Department of Gastroenterology and Human Nutrition Unit, All India Institute of Medical Sciences, New Delhi, India.
Am J Gastroenterol. 2024 Oct 1;119(10):2061-2069. doi: 10.14309/ajg.0000000000002775. Epub 2024 Mar 22.
Limited evidence exists on the optimal strategy to correct iron deficiency anemia after variceal bleeding (VB) in cirrhosis. This trial compared the efficacy and safety of intravenous ferric carboxymaltose (IV-FCM) with those of oral iron therapy in this cohort.
In this open-label, single-center, randomized controlled trial, eligible patients with hemoglobin <10 g/dL and iron deficiency (ferritin <100 ng/mL) after VB received either IV-FCM (1,500-2,000 mg) divided into 2 doses (n = 48) or oral carbonyl iron (100 mg elemental iron/day) (n = 44) for 3 months. The primary outcome was change in hemoglobin at 3 months. Secondary outcomes included improvement in anemia (last hemoglobin >12 g/dL), normalization of iron stores (ferritin >100 ng/mL), liver-related adverse events, adverse drug reactions, and changes in quality of life (CLDQOL questionnaire).

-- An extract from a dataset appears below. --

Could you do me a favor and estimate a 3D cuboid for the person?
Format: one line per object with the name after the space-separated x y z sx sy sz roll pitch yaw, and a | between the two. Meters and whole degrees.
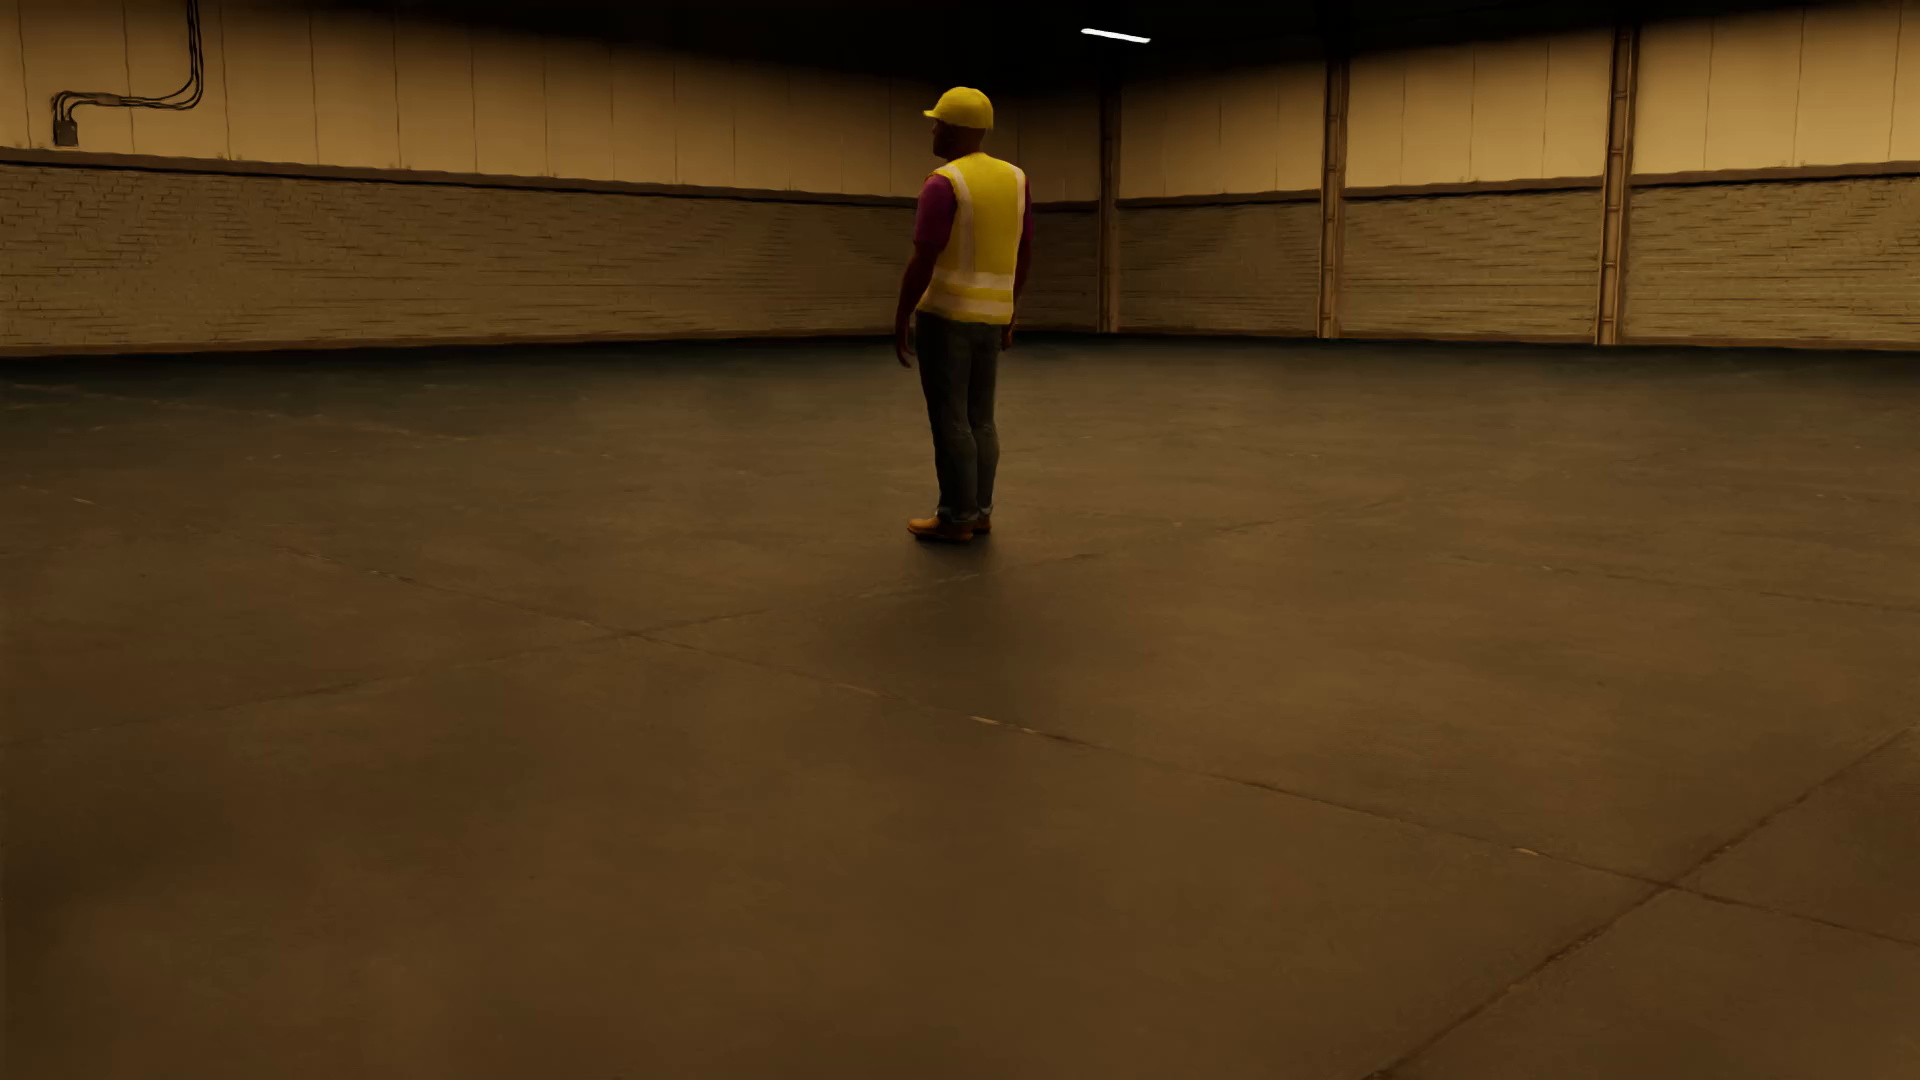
-0.046 -0.888 6.636 0.576 1.766 0.665 8 12 43 | person

Baseline characteristics, including median Child-Turcotte-Pugh score 7 (interquartile range [IQR] 6-9), Model for End-Stage Liver Disease score 12 (IQR 10-17), blood hemoglobin (8.25 ± 1.06 g/dL), and ferritin (30.00 ng/mL [15.00-66.50]), were comparable in both arms. The median increase in hemoglobin at 3 months in the IV and oral arms was 3.65 g/dL (IQR 2.55-5.25) and 1.10 g/dL (IQR 0.05-2.90 g/dL) ( P < 0.001), respectively. Iron stores normalized in 84.6% and 21% of the IV and oral arms, respectively ( P < 0.001). Anemia improved in 50% and 21.9% in the IV and oral arms, respectively ( P < 0.009). Patients in the IV arm showed a significant improvement in all domains of CLDQOL. Liver-related adverse events were comparable in both arms. Transient mild/moderate hypophosphatemia developed in 43% of patients receiving IV-FCM.

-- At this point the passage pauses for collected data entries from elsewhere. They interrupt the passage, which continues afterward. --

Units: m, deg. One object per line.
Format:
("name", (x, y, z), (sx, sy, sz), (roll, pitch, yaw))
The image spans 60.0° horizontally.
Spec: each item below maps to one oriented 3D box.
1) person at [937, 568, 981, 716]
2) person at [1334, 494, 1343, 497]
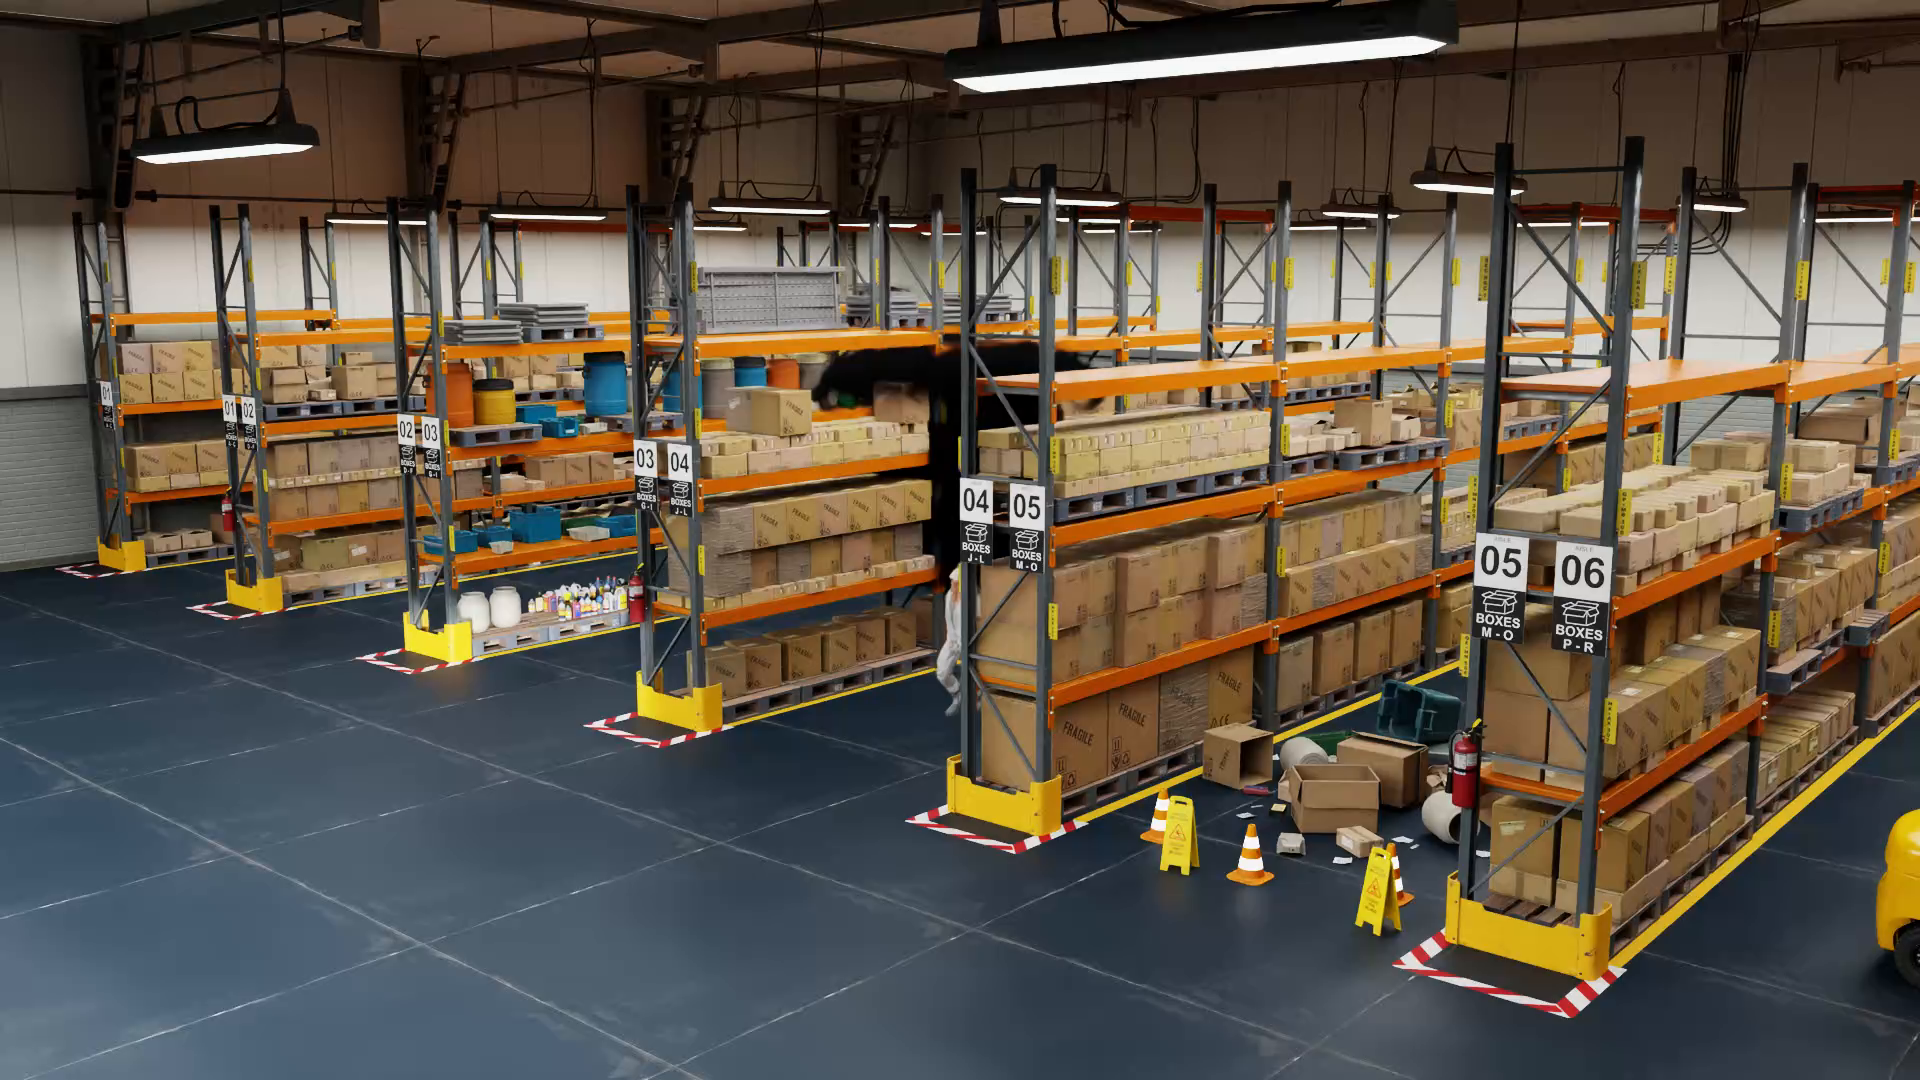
("person", (0.005, 1.140, 18.124), (0.628, 1.734, 0.821), (7, 11, 34))
("person", (5.653, 0.188, 24.752), (0.650, 1.766, 0.773), (8, 13, 41))

Intravenous iron replacement is efficacious and safe to treat iron deficiency anemia after VB in patients with cirrhosis.
肝硬化患者静脉曲张出血(VB)后纠正缺铁性贫血的最佳策略证据有限。本试验比较了静脉注射羧基麦芽糖铁(IV-FCM)与口服铁剂治疗该队列的疗效和安全性。

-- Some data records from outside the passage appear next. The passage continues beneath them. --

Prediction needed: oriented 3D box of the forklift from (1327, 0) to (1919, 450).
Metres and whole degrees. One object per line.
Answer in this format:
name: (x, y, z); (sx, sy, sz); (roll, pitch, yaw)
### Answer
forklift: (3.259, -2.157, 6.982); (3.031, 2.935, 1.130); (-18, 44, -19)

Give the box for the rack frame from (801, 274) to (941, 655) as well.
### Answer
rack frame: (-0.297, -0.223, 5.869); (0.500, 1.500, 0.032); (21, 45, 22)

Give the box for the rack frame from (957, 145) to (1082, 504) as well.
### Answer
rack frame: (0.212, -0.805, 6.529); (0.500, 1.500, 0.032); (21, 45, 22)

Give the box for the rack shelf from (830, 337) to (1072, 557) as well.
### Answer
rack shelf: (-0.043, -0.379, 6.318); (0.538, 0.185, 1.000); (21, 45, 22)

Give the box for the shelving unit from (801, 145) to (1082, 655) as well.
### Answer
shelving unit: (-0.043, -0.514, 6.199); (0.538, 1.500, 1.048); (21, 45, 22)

在这项开放标签、单中心、随机对照试验中,血红蛋白<10 g/dL 且 VB 后缺铁(铁蛋白<100 ng/mL)的合格患者分别接受 IV-FCM(1500-2000 mg)分为 2 剂(n=48)或口服羰基铁(100 mg 元素铁/天)(n=44)治疗 3 个月。主要结局是 3 个月时血红蛋白的变化。次要结局包括贫血改善(末次血红蛋白>12 g/dL)、铁储存正常(铁蛋白>100 ng/mL)、肝脏相关不良事件、药物不良反应和生活质量变化(CLDQOL 问卷)。
两组的基线特征,包括中位 Child-Turcotte-Pugh 评分 7(四分位距 [IQR] 6-9)、终末期肝病模型评分 12(IQR 10-17)、血血红蛋白(8.25±1.06 g/dL)和铁蛋白(30.00 ng/mL [15.00-66.50]),均相似。IV 组和口服组 3 个月时血红蛋白的中位数增加分别为 3.65 g/dL(IQR 2.55-5.25)和 1.10 g/dL(IQR 0.05-2.90 g/dL)(P<0.001)。IV 组和口服组的铁储存分别有 84.6%和 21%正常化(P<0.001)。IV 组和口服组的贫血分别有 50%和 21.9%改善(P<0.009)。IV 组患者在 CLDQOL 的所有领域均表现出显著改善。两组肝脏相关不良事件相当。接受 IV-FCM 的患者中有 43%出现短暂的轻度/中度低磷血症。
静脉铁替代治疗对肝硬化患者 VB 后缺铁性贫血有效且安全。